You are encouraged to bring your laptop computer to class to use for taking notes.  You also will have opportunities in class to work in groups and having your laptop may facilitate the ease of working together.  However, I do not want you to surf the web or otherwise use your computer for things not related to class while I am lecturing or when you are working in your groups.  Aside from the fact that it is rude, it is distracting to other students (particularly those behind you during lectures) and also distracts YOU from the lecture or discussion.  My lectures may be boring, but I still expect you to pay attention.  Don’t think that because I cannot see your screen, I don’t have any idea that you are surfing the web.  It is actually quite easy to tell when people are surfing the web simply by looking at their faces.  If I find that a student is not adhering to this policy, I will ask the student to meet me during office hours to discuss an appropriate penalty.  Expect a minimum of a 5% reduction in your final grade if you are caught using your laptop during class for purposes unrelated to the course.
 
Please turn off your cell phone before coming to class, unless you don’t mind my stopping class and asking you to answer a call while we all wait and listen (yes, I’ve done it before).
 
Some students, particularly those for whom English is not their first language, may wish to record lectures.  You are welcome to do so.  

DOCUMENTED DISABILITY POLICY

Students with disabilities who require special accommodations need to get a letter that documents the disability from the Services for Students with Disabilities area of the Office of the Dean of Students (471-6259 voice or 471-4641 TTY for users who are deaf or hard of hearing). This letter should be presented to the instructor at the beginning of the semester and accommodations needed should be discussed at that time. We do not have any in-class exams, however, if you need any sort of special accommodation for assignments, you need to give me at least five business days notice so that we can work out what you need.  See following website for more information: http://deanofstudents.utexas.edu/ssd/providing.php.

CITATION STYLE

All papers for this course should follow the bibliographic and citation format of the American Anthropologist.  When an idea is taken from a particular book or article, the source should be noted in the text with the author's name, date of the publication, and page number, e.g., (Hendry 1995: 139) to indicate that this particular piece of information, or this idea, was taken from page 139 of a 1995 publication by Hendry.  If the item is quoted, it should be put in quotation marks, e.g., “Nowadays, both types of marriage persist, and it is not even always possible to classify a particular marriage as ‘love’ or ‘arranged’, although people like to talk as though it were” (Hendry 1995: 139). 

The book or article should then be listed in the bibliography, which lists only those items cited in the text, as follows:

Hendry, Joy
    1995      Understanding Japanese Society.  2nd edition.

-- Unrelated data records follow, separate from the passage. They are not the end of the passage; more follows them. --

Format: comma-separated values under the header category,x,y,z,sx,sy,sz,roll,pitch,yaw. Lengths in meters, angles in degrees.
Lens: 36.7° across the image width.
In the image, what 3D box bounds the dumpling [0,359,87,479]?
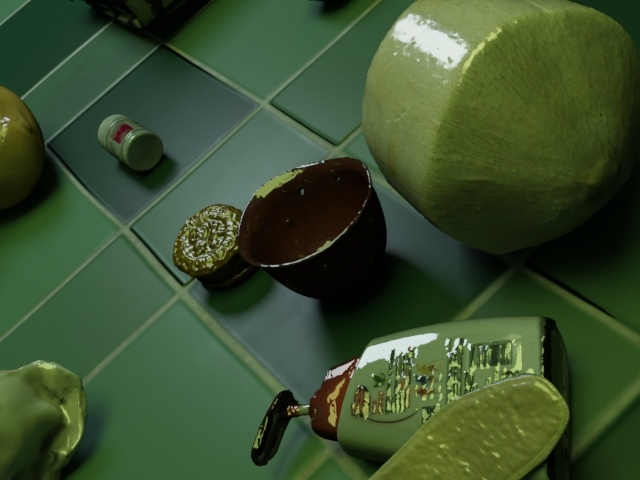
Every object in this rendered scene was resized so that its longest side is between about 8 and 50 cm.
category,x,y,z,sx,sy,sz,roll,pitch,yaw
dumpling,-0.353,0.223,1.008,0.250,0.162,0.132,-31,4,-11

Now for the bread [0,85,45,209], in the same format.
category,x,y,z,sx,sy,sz,roll,pitch,yaw
bread,-0.466,-0.136,1.428,0.147,0.098,0.217,-58,37,18

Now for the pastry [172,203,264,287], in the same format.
category,x,y,z,sx,sy,sz,roll,pitch,yaw
pastry,-0.114,0.007,1.106,0.109,0.057,0.097,-31,47,8

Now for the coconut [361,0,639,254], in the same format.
category,x,y,z,sx,sy,sz,roll,pitch,yaw
coconut,0.173,-0.110,0.888,0.237,0.237,0.266,-42,40,-7

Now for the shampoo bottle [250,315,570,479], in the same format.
category,x,y,z,sx,sy,sz,roll,pitch,yaw
shampoo bottle,0.073,0.148,0.841,0.284,0.071,0.153,-10,56,29

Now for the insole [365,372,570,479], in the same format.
category,x,y,z,sx,sy,sz,roll,pitch,yaw
insole,0.091,0.187,0.766,0.248,0.011,0.081,-43,63,21

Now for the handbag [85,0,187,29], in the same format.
category,x,y,z,sx,sy,sz,roll,pitch,yaw
handbag,-0.271,-0.507,1.610,0.325,0.162,0.327,-44,36,-13

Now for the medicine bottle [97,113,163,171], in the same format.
category,x,y,z,sx,sy,sz,roll,pitch,yaw
medicine bottle,-0.262,-0.135,1.330,0.058,0.058,0.091,-46,42,-12

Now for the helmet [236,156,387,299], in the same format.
category,x,y,z,sx,sy,sz,roll,pitch,yaw
helmet,0.000,0.000,0.997,0.175,0.106,0.155,17,59,48

New York: Routledge.  
 
Failure to attribute ideas and quotations to their sources constitutes plagiarism and will be dealt with accordingly (see policy on academic honesty above).

Office Hours

My office hours for this semester are listed at the beginning of this syllabus. I will normally be in my office during those hours; however, I am often also in my office at other times. You are free to visit my office at any time—you are not limited to visiting during office hours.  If the door is shut, just knock.  If I am busy (with meetings, writing, other work, etc.) outside of office hours, I will let you know or I won’t answer the door.  

Tentative Schedule

Readings that are marked with the symbol § are available on Blackboard.  All case studies must be read prior to discussion on Friday of each week. Readings should be completed by Monday of each week, with the exception of week 1.

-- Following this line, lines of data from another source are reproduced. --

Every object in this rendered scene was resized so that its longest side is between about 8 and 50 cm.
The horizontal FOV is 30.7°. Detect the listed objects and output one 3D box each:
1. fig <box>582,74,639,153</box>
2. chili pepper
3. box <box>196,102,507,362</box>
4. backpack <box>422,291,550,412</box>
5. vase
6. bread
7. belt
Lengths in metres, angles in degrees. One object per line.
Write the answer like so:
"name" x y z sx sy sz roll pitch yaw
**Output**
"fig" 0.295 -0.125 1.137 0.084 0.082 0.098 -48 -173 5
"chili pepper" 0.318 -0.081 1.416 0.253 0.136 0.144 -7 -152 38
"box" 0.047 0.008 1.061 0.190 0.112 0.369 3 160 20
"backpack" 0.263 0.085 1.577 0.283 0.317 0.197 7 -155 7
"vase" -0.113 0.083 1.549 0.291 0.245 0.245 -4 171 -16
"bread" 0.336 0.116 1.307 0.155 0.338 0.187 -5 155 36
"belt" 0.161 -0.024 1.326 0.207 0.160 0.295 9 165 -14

Week 1:  1/19 and 21:  Religion and Identity, Right and Wrong

Reading:  
Ethical Issues in Six Religions: Sections A – F, numbers 1, Sections A – F, numbers 6

Week 2:  1/26 and 28:  Christianity and Ethics

Jackson, Introduction – Chapter 2

Week 3:  2/2 and 4:  Christianity and Ethics

Jackson, Chapter 3 – end
First Reaction Paper Due at beginning of class on 2/4

Week 4:  2/9 and 11:  Islam and Ethics

Brockopp, Chapters 1 - 4

Week 5:  2/16 and 18:  Islam and Ethics

Brockopp, Chapters 5 - 9
Second Reaction Paper Due at beginning of class on 2/18

Week 6:  2/23 and 25:  Japanese Ethics

Carter, Chapter 1 - 3

Week 7:  3/2 and 4:  Japanese Ethics

Carter, Chapters 4 - 6
By 4 March, you must email the professor a brief statement explaining where you intend to do you ethnographic observation.  If you do not do this by the 4th, you will be downgraded 20% on your paper.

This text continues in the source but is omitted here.